Blurred image of my dog, Loki, along with the sharpened version of the blurred image, and the original image

Part 2.2: Hybrid Images

In this part, we create hybrid images. We first have to align the two images by selecting two points in each image for alignment. The images are then rotated and resized to match these two alignment points we selected for each image. Then, we convolve the two images with their respective gaussian kernels to get two lower frequency images. We subtract one image from its original to get a high frequency image. We then add the low and high frequency images together to get the final hybrid image. For each example, the original images and the hybrid image are shown. For the example with the bird and the airplane, the fourier transform of the original images, blurred and high frequency images, as well as the hybrid image are also shown. The gaussian kernels are chosen with some trial and error, trying to strike a good balance to make the hybrid images look good. Thus, some of the sigma values are not the same for each image and were chosen empirically.

Hybrid image of the nutmeg and the derek, with sigma = 9 for nutmeg and sigma = 7 for derek

Hybrid image of broccoli and a tree, with sigma = 2 for both images

Hybrid image of a bird and an airplane, with the fourier transform of each image displayed below respectively. Sigmas are listed in the titles of the plots. We calculate the fourier transform of each image with np.log(np.abs(np.fft.fftshift(np.fft.fft2(image)))), displaying these results in grayscale.

Part 2.3: Gaussian and Laplacian Stacks

In this part, we create Gaussian and Laplacian image stacks. We first create a function to create a gaussian stack of an image. This is achieved by convolving the image with a gaussian kernel and then increasing the sigma and the size of the kernel by some factor to get the next layer. This results in a list of images, each with the same size, but each more blurry than the next. We then create a function to create a Laplacian stack of an image. This function calls the former function to create a gaussian stack, then subtracts the neighbors in the gaussian stack from each other to get individual frequency bands, which is the the Laplacian stack. The bottom layer of the Laplacian stack is the same as the lowest frequency layer of the gaussian stack.

We create a laplacian stack for each reference image.
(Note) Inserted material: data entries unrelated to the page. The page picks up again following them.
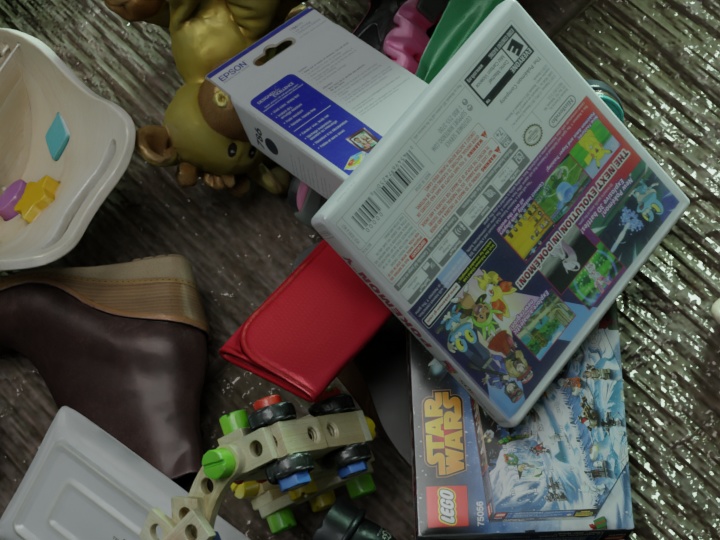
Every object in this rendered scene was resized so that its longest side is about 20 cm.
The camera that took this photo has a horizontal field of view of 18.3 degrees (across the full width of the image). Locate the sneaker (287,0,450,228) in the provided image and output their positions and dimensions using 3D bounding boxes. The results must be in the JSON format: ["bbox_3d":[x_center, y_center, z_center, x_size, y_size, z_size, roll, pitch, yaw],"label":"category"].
[{"bbox_3d":[0.000,-0.118,1.580,0.095,0.079,0.200,15,69,48],"label":"sneaker"}]

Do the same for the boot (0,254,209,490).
[{"bbox_3d":[-0.197,0.082,1.540,0.199,0.072,0.167,-12,66,19],"label":"boot"}]

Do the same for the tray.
[{"bbox_3d":[-0.154,0.185,1.477,0.200,0.022,0.108,33,100,24],"label":"tray"}]

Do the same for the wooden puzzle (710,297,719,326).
[{"bbox_3d":[0.350,0.016,1.407,0.200,0.037,0.185,-42,59,-4],"label":"wooden puzzle"}]

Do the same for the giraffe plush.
[{"bbox_3d":[-0.097,-0.142,1.561,0.172,0.200,0.163,1,69,-9],"label":"giraffe plush"}]

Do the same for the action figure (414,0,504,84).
[{"bbox_3d":[0.046,-0.096,1.527,0.055,0.118,0.200,22,74,49],"label":"action figure"}]

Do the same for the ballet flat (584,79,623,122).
[{"bbox_3d":[0.100,-0.049,1.509,0.073,0.073,0.200,40,94,30],"label":"ballet flat"}]

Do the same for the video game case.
[{"bbox_3d":[0.091,-0.036,1.386,0.200,0.182,0.023,-50,16,-22],"label":"video game case"}]

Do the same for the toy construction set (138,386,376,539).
[{"bbox_3d":[-0.062,0.129,1.394,0.131,0.200,0.092,-28,91,32],"label":"toy construction set"}]

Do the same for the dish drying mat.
[{"bbox_3d":[0.000,0.000,1.402,0.077,0.018,0.200,25,54,28],"label":"dish drying mat"}]

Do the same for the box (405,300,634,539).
[{"bbox_3d":[0.098,0.073,1.425,0.136,0.040,0.201,-1,73,-2],"label":"box"}]

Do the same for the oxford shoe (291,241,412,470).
[{"bbox_3d":[0.024,0.072,1.479,0.071,0.071,0.200,-31,74,-18],"label":"oxford shoe"}]

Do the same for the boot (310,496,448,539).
[{"bbox_3d":[0.013,0.250,1.379,0.162,0.073,0.199,32,112,5],"label":"boot"}]

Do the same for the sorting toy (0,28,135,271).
[{"bbox_3d":[-0.235,-0.059,1.559,0.180,0.107,0.200,10,62,51],"label":"sorting toy"}]

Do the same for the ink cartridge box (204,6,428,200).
[{"bbox_3d":[-0.001,-0.093,1.451,0.099,0.039,0.200,-36,54,-23],"label":"ink cartridge box"}]

We also create a gaussian stack for the mask image that we will use to blend the two images. We use a gaussian sigma starting at 1 doubling with each layer for each stack. We recalculate the gaussian kernel size at each layer to be 6*sigma + 1. We recreate the image from Figure 3.42 in Szeliski's book draft, Computer Vision: Algorithms and Applications. This is done by multiplying layers 0, 2, 4 of the laplacian stack with the respective layers of the mask gaussian stack and then adding them together. The apple layers get multplied by the mask layers while the orange layers get multiplied by 1 minus the mask layers. We then display the resulting images.

Recombined image of the apple and the orange, with the laplacian stacks masked shown. Laplacian stack images were normalized by subtracting the minimum value and dividing by the maximum value minus the minimum value.
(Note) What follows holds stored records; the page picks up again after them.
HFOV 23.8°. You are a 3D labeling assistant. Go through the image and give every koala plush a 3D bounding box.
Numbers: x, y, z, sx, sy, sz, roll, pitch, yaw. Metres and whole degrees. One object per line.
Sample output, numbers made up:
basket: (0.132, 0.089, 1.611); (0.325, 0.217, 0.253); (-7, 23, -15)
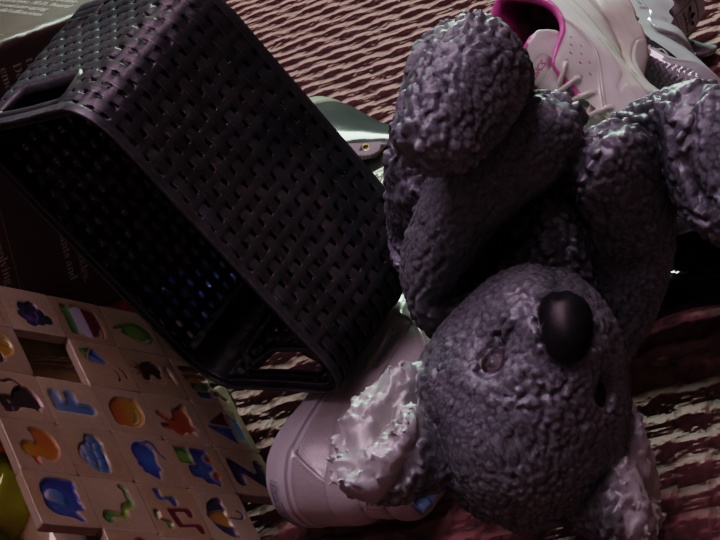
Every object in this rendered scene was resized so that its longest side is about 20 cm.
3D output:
koala plush: (0.076, 0.027, 0.758); (0.184, 0.176, 0.201); (122, 157, -59)

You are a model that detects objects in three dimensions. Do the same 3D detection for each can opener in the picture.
can opener: (0.148, 0.002, 0.886); (0.199, 0.079, 0.064); (-24, 29, 27)

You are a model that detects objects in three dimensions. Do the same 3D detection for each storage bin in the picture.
storage bin: (-0.078, -0.038, 0.860); (0.135, 0.200, 0.094); (-2, 45, 53)

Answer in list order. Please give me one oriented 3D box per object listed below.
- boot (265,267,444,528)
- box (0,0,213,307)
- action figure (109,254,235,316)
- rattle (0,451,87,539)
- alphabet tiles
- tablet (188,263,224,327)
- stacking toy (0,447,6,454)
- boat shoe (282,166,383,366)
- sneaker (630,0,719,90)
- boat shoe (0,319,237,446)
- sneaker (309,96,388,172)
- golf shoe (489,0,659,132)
boot: (0.035, 0.055, 0.886); (0.095, 0.074, 0.201); (-3, 43, 37)
box: (-0.204, -0.067, 0.984); (0.164, 0.167, 0.199); (11, 30, 45)
action figure: (-0.122, 0.023, 1.039); (0.199, 0.066, 0.099); (-16, 27, -12)
rattle: (-0.203, 0.196, 0.851); (0.143, 0.130, 0.201); (-41, 56, 18)
alphabet tiles: (-0.112, 0.084, 0.851); (0.008, 0.167, 0.200); (-51, 49, 23)
tablet: (-0.120, 0.015, 1.120); (0.129, 0.014, 0.200); (8, 37, 20)
stacking toy: (-0.259, 0.098, 1.057); (0.199, 0.117, 0.110); (12, 48, 32)
boat shoe: (0.000, 0.000, 1.019); (0.074, 0.062, 0.200); (-32, 21, 22)
sneaker: (0.195, -0.145, 1.092); (0.114, 0.076, 0.200); (-27, 31, -18)
boat shoe: (-0.141, 0.072, 0.908); (0.199, 0.072, 0.076); (5, 22, -42)
sneaker: (-0.046, -0.059, 1.126); (0.106, 0.075, 0.200); (15, 38, 42)
golf shoe: (0.134, -0.090, 0.973); (0.075, 0.091, 0.201); (-57, 41, 36)

Part 2.4: Multiresolution Blending

In this part, we blend two images together using the same multiresolution approach as described in the previous part. In this part, I made the mask images of interesting shapes, or in the case of the orange and apple, I made the transition in the center of the image linear to make the blended result look smoother. The results and masks are shown below.

Recombined image of the apple and the orange, with the mask image.

Recombined image of cheese and the moon, with the original images andmask image.

Recombined image of cheese and the moon, with the laplacian stacks masked shown. Laplacian stack images were normalized by subtracting the minimum value and dividing by the maximum value minus the minimum value. Layers 0, 2, 4, are shown here, with the same process as described for the oraple example.

Recombined image of the character Domo and a chocolate popsicle, with the original images and mask image.